Climate modeling can get really complicated really fast. The more I play with it the more I realize that adding complexity tends to just make the model less realistic until you have something completely cumbrous, like an EBM or (ZOMG) a GCM! I have fun with this kind of stuff, but, honestly, I don’t think the gaming advantages are worth all that effort.
I believe weather can add a lot to the gaming experience if you play it right. First thing is, ditch the simulation. In the world-building stage I’m obviously all for figuring out the climate. That tells you what kind of environment you have and also what sort of weather makes sense. But day-to-day weather should fly at the speed of plot. A miraculous rainstorm in a desert can save the character’s lives(a little deus ex goes a long way…).

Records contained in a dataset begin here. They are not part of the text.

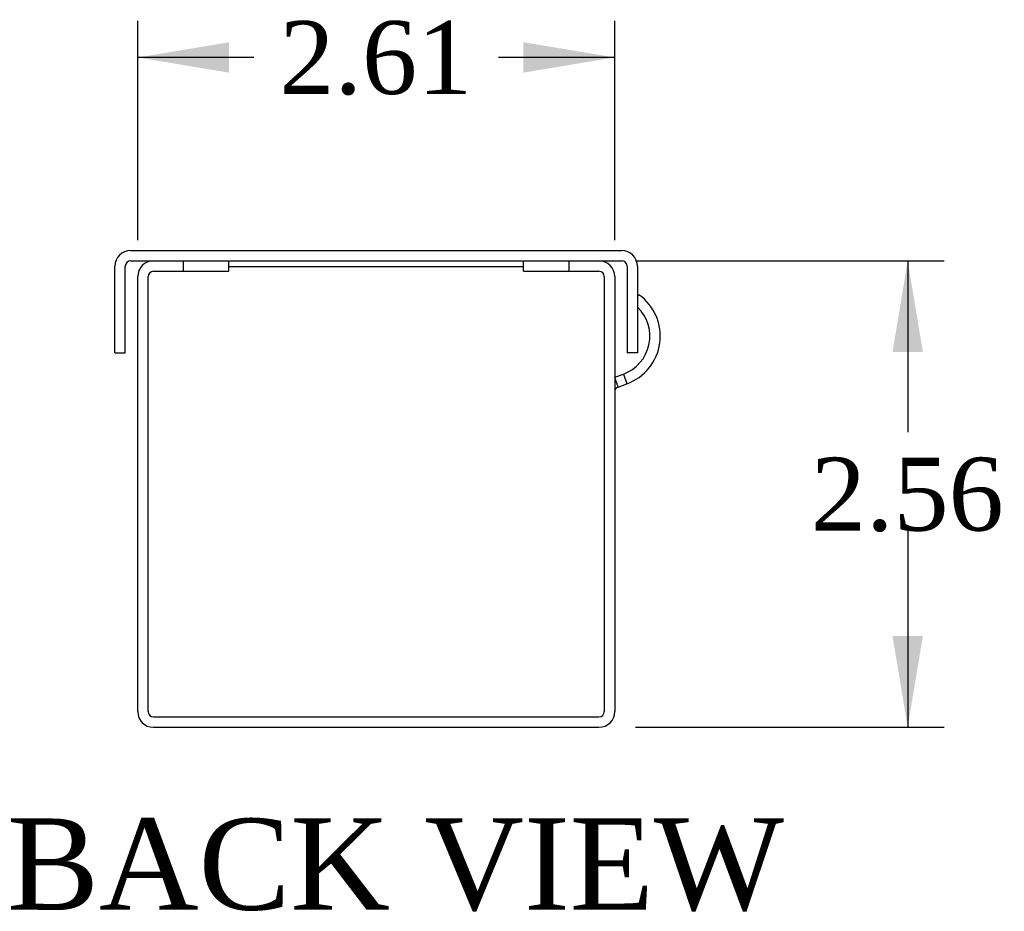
# Model space of a CAD drawing. Header units: inches. Extents: x 0.2 to 89.8, y -0.5 to 59.8.
# Tile 2 of 3: x 77.7 to 83.1, y 12.1 to 17. Entities that reach past the tile are written whole.
import ezdxf
from ezdxf.enums import TextEntityAlignment as Align

# ---------------------------------------------------------------- set-up
doc = ezdxf.new("R2010")
doc.units = ezdxf.units.IN
doc.header["$MEASUREMENT"] = 0
for name, color, linetype in [('COM55543-9', 7, 'Continuous'), ('COM70727-3', 7, 'Continuous'), ('Default', 7, 'Continuous'), ('QLB20316', 7, 'Continuous')]:
    doc.layers.add(name, color=color, linetype=linetype)
doc.styles.add('SEACAD_Times_New_Roman', font='times.ttf')
doc.dimstyles.new('HAMMOND_(STH_-_66x44)', dxfattribs={"dimtxt": 0.4, "dimasz": 0.5, "dimexe": 0.2, "dimexo": 0.2, "dimgap": 0.1, "dimtad": 0, "dimtih": 1, "dimtoh": 1, "dimzin": 0, "dimdsep": 46, "dimtxsty": 'SEACAD_Times_New_Roman', "dimblk1": '_SE_FILLED', "dimblk2": '_SE_FILLED', "dimsah": 1, "dimcen": 0.2, "dimadec": 0, "dimazin": 0, "dimtfac": 0.8, "dimtofl": 0, "dimtmove": 0, "dimatfit": 3, "dimfxl": 1, "dimtolj": 1, "dimtzin": 0, "dimarcsym": 0})

# ---------------------------------------------------------------- blocks, each defined once
blk = doc.blocks.new('SE4')
at = {"layer": 'COM55543-9', "color": 7, "linetype": 'Continuous'}
for p, q in [((78.3178130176, 15.732428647), (81.0098130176, 15.732428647)), ((78.3178130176, 15.675428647), (78.4428130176, 15.675428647)), ((78.6068130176, 15.675428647), (80.72081301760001, 15.675428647)), ((80.8848130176, 15.675428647), (81.0098130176, 15.675428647)), ((78.2318130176, 15.170428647), (78.2318130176, 15.646428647)), ((78.2888130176, 15.170428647), (78.2888130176, 15.646428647)), ((81.0388130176, 15.646428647), (81.0388130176, 15.170428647)), ((81.09581301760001, 15.646428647), (81.09581301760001, 15.170428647)), ((78.2318130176, 15.170428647), (78.2888130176, 15.170428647)), ((81.09581301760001, 15.170428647), (81.0388130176, 15.170428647))]:
    blk.add_line(p, q, dxfattribs=at)
for centre, radius, start, end in [((78.3178130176, 15.646428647), 0.0860000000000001, 90, 180), ((81.0098130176, 15.646428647), 0.0860000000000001, 0, 90), ((78.3178130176, 15.646428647), 0.0290000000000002, 90, 180), ((81.0098130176, 15.646428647), 0.0290000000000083, 0, 90)]:
    blk.add_arc(centre, radius, start, end, dxfattribs=at)
at = {"layer": 'COM70727-3', "color": 7, "linetype": 'Continuous'}
for p, q in [((78.4428130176, 15.675428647), (78.6068130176, 15.675428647)), ((78.6068130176, 15.618428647), (78.6068130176, 15.675428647)), ((78.8568130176, 15.618428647), (78.8568130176, 15.675428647)), ((80.47081301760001, 15.618428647), (80.47081301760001, 15.675428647)), ((80.72081301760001, 15.675428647), (80.8848130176, 15.675428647)), ((80.72081301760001, 15.618428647), (80.72081301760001, 15.675428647)), ((78.4428130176, 15.618428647), (78.6068130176, 15.618428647)), ((78.6068130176, 15.618428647), (78.8568130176, 15.618428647)), ((80.47081301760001, 15.618428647), (80.72081301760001, 15.618428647)), ((80.72081301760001, 15.618428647), (80.8848130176, 15.618428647)), ((78.3568130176, 13.204428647), (78.3568130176, 15.589428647)), ((78.4138130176, 13.204428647), (78.4138130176, 15.589428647)), ((80.9138130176, 15.589428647), (80.9138130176, 13.204428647)), ((80.97081301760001, 15.589428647), (80.97081301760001, 13.204428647)), ((81.09581301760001, 15.4779765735), (81.1038130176, 15.4892345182)), ((80.97081301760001, 15.0376427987), (81.0183673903, 15.0549511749)), ((80.9898944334, 14.983929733), (80.97081301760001, 15.0363554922)), ((81.0183673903, 15.0549511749), (81.03786253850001, 15.0013886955)), ((80.9898944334, 14.983929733), (81.03786253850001, 15.0013886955)), ((78.4428130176, 13.175428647), (80.8848130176, 13.175428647)), ((78.4428130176, 13.118428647), (80.8848130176, 13.118428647))]:
    blk.add_line(p, q, dxfattribs=at)
for centre, radius, start, end in [((78.4428130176, 15.589428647), 0.086, 90, 180), ((80.8848130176, 15.589428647), 0.0860000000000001, 0, 90), ((78.4428130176, 15.589428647), 0.029, 90, 180), ((80.8848130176, 15.589428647), 0.0290000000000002, 0, 90), ((80.9427809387, 15.2626232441), 0.2779999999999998, 290, 54.6020447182), ((80.9427809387, 15.2626232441), 0.2210000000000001, 290, 45.6725038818), ((80.9998130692, 14.9566786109), 0.0290000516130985, 110.000071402, 179.999928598), ((78.4428130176, 13.204428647), 0.0859999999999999, 180, 270), ((78.4428130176, 13.204428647), 0.0289999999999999, 180, 270), ((80.8848130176, 13.204428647), 0.086, 270, 360), ((80.8848130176, 13.204428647), 0.029, 270, 0)]:
    blk.add_arc(centre, radius, start, end, dxfattribs=at)
at = {"layer": 'QLB20316', "color": 7, "linetype": 'Continuous'}
for p, q in [((78.4138130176, 15.675428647), (78.4138130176, 15.6703916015)), ((80.9138130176, 15.675428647), (80.9138130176, 15.6703916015)), ((78.8568130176, 15.645428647), (80.47081301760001, 15.645428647))]:
    blk.add_line(p, q, dxfattribs=at)
blk = doc.blocks.new('DMBLK1344')
at = {"layer": 'Default', "linetype": 'Continuous', "transparency": 16777216}
for points in [[(78.85681301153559, 16.87392793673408), (78.35681301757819, 16.79059460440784), (78.85681301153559, 16.70726127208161)], [(80.47081302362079, 16.87392793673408), (80.47081302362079, 16.70726127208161), (80.9708130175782, 16.79059460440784)]]:
    blk.add_hatch(color=7, dxfattribs=at).paths.add_polyline_path(points)
at = {"layer": 'Default', "color": 7, "linetype": 'Continuous', "transparency": 16777216}
for p, q in [((78.3568130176, 15.7894286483), (78.3568130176, 16.9905946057)), ((80.97081301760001, 15.7894286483), (80.97081301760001, 16.9905946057)), ((78.9930072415, 16.7905946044), (78.3568130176, 16.7905946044)), ((80.97081301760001, 16.7905946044), (80.3346186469, 16.7905946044))]:
    blk.add_line(p, q, dxfattribs=at)
at = {"layer": 'Default', "color": 7, "linetype": 'Continuous', "transparency": 16777216, "style": 'SEACAD_Times_New_Roman'}
blk.add_text('2.61', height=0.4, dxfattribs=at).set_placement((79.13300726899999, 16.9905946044), align=Align.TOP_LEFT)
blk = doc.blocks.new('_SE_FILLED')
at = {"color": 0}
blk.add_line((0, 0), (-1, 0), dxfattribs=at)
blk.add_solid([(0, 0), (-1, -0.1665), (-1, 0.1665), (0, 0)], dxfattribs=at)
blk = doc.blocks.new('DMBLK1345')
at = {"layer": 'Default', "linetype": 'Continuous', "transparency": 16777216}
for points in [[(82.65997891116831, 15.17542865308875), (82.57664557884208, 15.67542864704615), (82.49331224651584, 15.17542865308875)], [(82.65997891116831, 13.61842864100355), (82.49331224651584, 13.61842864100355), (82.57664557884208, 13.11842864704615)]]:
    blk.add_hatch(color=7, dxfattribs=at).paths.add_polyline_path(points)
at = {"layer": 'Default', "color": 7, "linetype": 'Continuous', "transparency": 16777216}
for p, q in [((81.0848130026, 15.675428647), (82.77664558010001, 15.675428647)), ((82.5766455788, 15.675428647), (82.5766455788, 14.7369286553)), ((82.5766455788, 14.1969286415), (82.5766455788, 13.118428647)), ((81.0848130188, 13.118428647), (82.77664558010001, 13.118428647))]:
    blk.add_line(p, q, dxfattribs=at)
at = {"layer": 'Default', "color": 7, "linetype": 'Continuous', "transparency": 16777216, "style": 'SEACAD_Times_New_Roman'}
blk.add_text('2.56', height=0.4, dxfattribs=at).set_placement((82.0458398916, 14.5969286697), align=Align.TOP_LEFT)

msp = doc.modelspace()

# ---------------------------------------------------------------- block references
at = {"layer": 'Default'}
msp.add_blockref('SE4', (0, 0), dxfattribs=at)

# ---------------------------------------------------------------- texts
at = {"layer": 'Default', "color": 7, "linetype": 'Continuous', "style": 'SEACAD_Times_New_Roman'}
msp.add_text('BACK VIEW', height=0.5, dxfattribs=at).set_placement((77.6409889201, 12.618428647), align=Align.TOP_LEFT)

# ---------------------------------------------------------------- dimensions: what is measured, and where the dimension line sits
at = {"layer": 'Default', "color": 7, "linetype": 'Continuous'}
dim = msp.add_linear_dim(base=(78.3568130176, 16.7905946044), p1=(80.97081301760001, 15.589428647), p2=(78.3568130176, 15.589428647), text='\\A1;<>', dimstyle='HAMMOND_(STH_-_66x44)', dxfattribs=at)
dim.commit()
dim.dimension.update_dxf_attribs({"geometry": 'DMBLK1344', "text_midpoint": (79.6638129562, 16.7905946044), "dimtype": 160})
dim = msp.add_linear_dim(base=(82.5766455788, 13.118428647), p1=(80.72081301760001, 15.675428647), p2=(80.8848130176, 13.118428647), angle=90, text='\\A1;<>', dimstyle='HAMMOND_(STH_-_66x44)', dxfattribs=at)
dim.commit()
dim.dimension.update_dxf_attribs({"geometry": 'DMBLK1345', "text_midpoint": (82.5766455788, 14.3969286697), "dimtype": 160})

doc.saveas('drawing.dxf')

Weather is a good way to quietly and realistically railroad the story when necessary. Sure the characters can leave that odd village any time they like. Having the roads washed out in a torrential monsoon might convince your players to spend the night at that village and get involved in your carefully crafted scenario. At least after they’ve spent a few hours slogging through hip deep mud, getting attacked repeatedly by slimy things driven out of the ground by the rising water table and generally making no great progress.
Even without Saruman helping, a good hard blizzard hitting the passes might convince any adventurers trying to cross the Misty Mountains to look for another route…
Before steam(and even after, to a great degree), sea travel was all about the weather. Expeditions have been destroyed by starvation by getting caught in the doldrums at the wrong time(maybe not the most exciting adventure…), and The Perfect Storm could play hell with any voyage(read the book, I have no idea about the movie).
I hope at some point you post your, “acceptable for… (your)… purposes,” model. I find these things entertaining to a degree well beyond their actual usefulness.